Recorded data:
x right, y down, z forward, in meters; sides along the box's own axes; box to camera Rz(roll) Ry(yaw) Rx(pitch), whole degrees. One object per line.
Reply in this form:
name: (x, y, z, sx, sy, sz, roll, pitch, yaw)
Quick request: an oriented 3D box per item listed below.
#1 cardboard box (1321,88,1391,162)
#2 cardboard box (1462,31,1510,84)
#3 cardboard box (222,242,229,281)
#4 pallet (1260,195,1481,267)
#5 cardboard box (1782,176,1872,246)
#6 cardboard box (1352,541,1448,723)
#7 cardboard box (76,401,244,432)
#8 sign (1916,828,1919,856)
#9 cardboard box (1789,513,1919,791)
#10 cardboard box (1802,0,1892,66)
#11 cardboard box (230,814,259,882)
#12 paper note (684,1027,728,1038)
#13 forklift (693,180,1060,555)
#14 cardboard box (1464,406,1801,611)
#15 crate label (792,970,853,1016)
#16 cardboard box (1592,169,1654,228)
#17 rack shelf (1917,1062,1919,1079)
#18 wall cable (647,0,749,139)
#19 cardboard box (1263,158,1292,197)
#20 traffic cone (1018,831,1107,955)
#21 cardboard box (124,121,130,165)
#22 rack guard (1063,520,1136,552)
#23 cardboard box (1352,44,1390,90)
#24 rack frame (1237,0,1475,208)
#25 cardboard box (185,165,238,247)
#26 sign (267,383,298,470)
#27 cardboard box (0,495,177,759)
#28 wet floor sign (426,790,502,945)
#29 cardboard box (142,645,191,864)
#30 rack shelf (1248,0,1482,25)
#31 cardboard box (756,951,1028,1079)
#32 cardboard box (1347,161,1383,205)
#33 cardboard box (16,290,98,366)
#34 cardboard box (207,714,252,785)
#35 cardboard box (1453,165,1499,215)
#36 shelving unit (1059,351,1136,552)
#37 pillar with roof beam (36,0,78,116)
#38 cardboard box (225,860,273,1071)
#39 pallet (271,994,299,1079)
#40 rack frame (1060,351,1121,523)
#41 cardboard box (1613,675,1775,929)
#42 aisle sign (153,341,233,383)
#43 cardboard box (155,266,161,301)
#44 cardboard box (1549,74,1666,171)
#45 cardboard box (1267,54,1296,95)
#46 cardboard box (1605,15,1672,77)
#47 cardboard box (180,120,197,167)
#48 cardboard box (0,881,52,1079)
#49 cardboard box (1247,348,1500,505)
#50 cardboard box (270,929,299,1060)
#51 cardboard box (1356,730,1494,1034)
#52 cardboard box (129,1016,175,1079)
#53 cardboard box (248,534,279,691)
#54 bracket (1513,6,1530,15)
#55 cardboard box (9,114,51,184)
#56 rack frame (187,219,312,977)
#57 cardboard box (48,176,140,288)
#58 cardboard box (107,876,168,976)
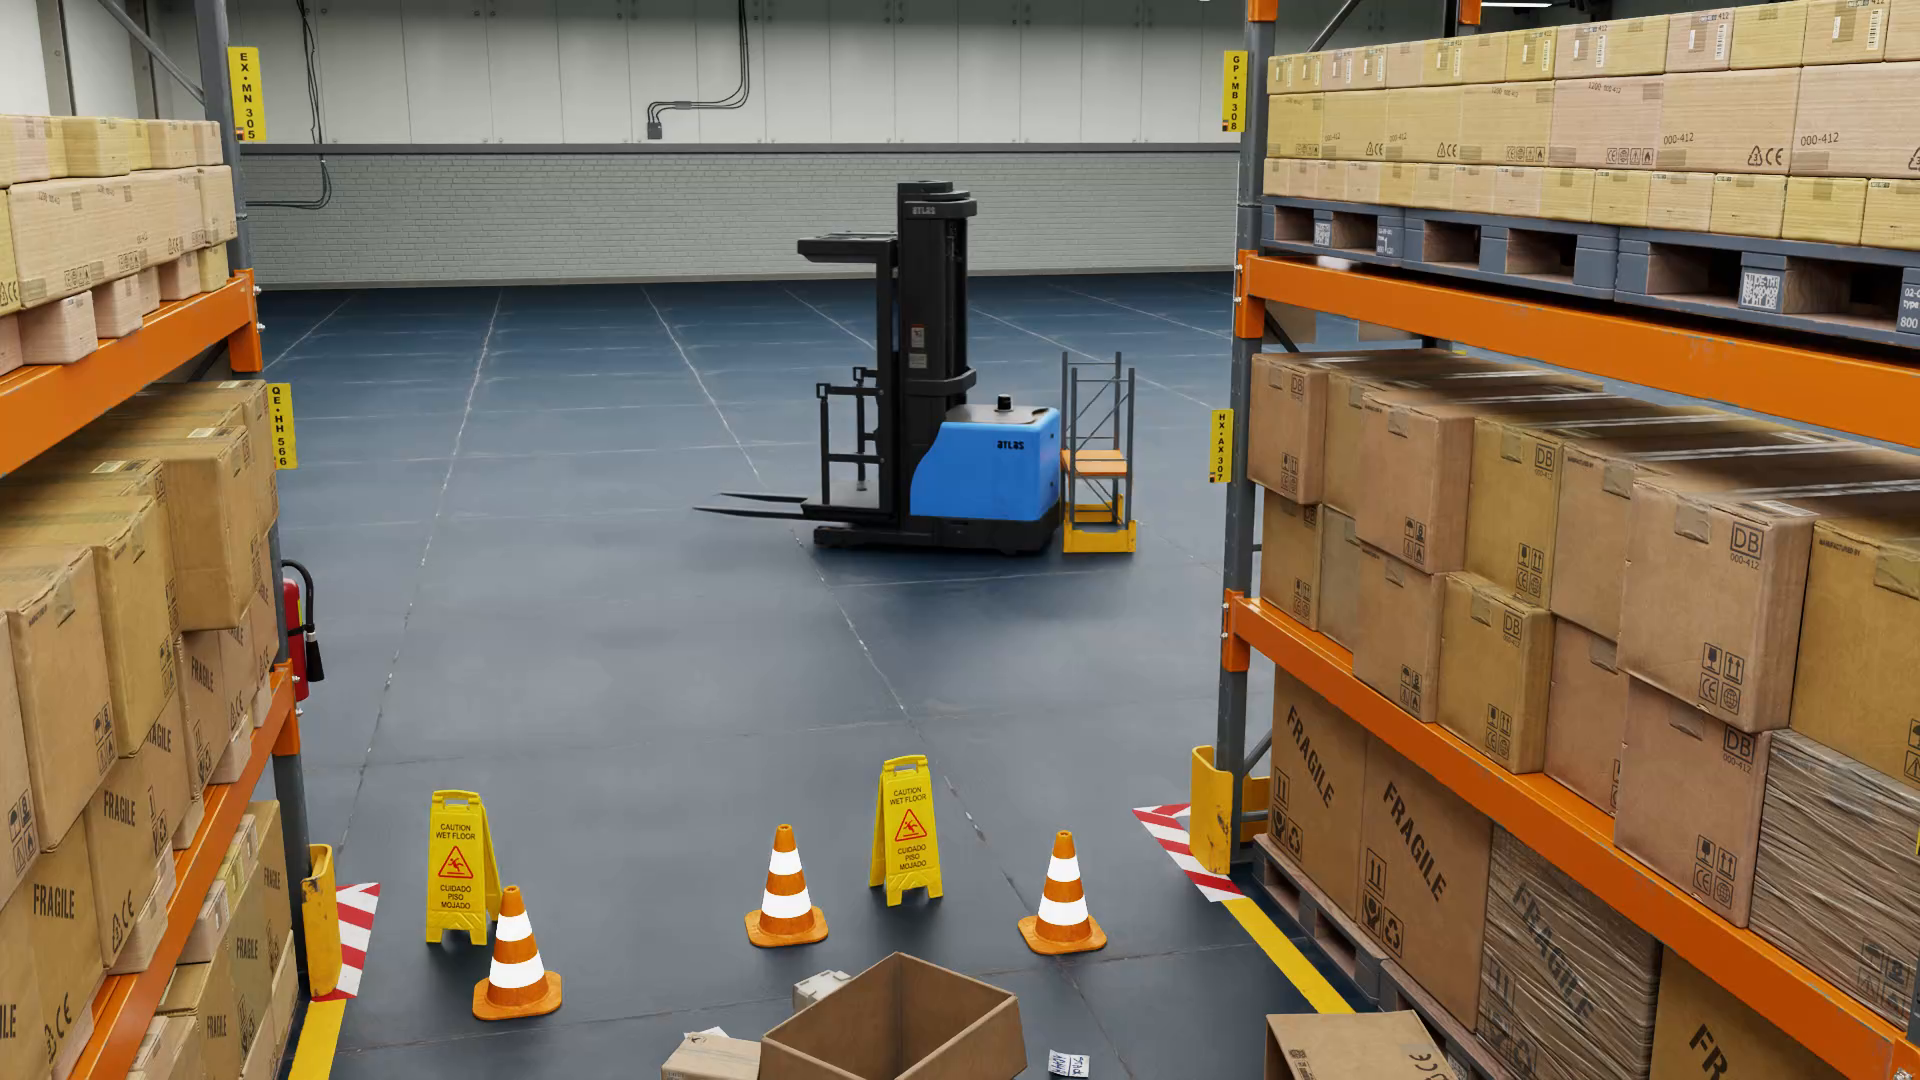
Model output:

**THE TASK:** Once the line with "#13 forklift (693,180,1060,555)" is found in the records above, print exactly that line and every line after it through the line with "#32 cardboard box (1347,161,1383,205)".

**TASK RESPONSE:**
#13 forklift (693,180,1060,555)
#14 cardboard box (1464,406,1801,611)
#15 crate label (792,970,853,1016)
#16 cardboard box (1592,169,1654,228)
#17 rack shelf (1917,1062,1919,1079)
#18 wall cable (647,0,749,139)
#19 cardboard box (1263,158,1292,197)
#20 traffic cone (1018,831,1107,955)
#21 cardboard box (124,121,130,165)
#22 rack guard (1063,520,1136,552)
#23 cardboard box (1352,44,1390,90)
#24 rack frame (1237,0,1475,208)
#25 cardboard box (185,165,238,247)
#26 sign (267,383,298,470)
#27 cardboard box (0,495,177,759)
#28 wet floor sign (426,790,502,945)
#29 cardboard box (142,645,191,864)
#30 rack shelf (1248,0,1482,25)
#31 cardboard box (756,951,1028,1079)
#32 cardboard box (1347,161,1383,205)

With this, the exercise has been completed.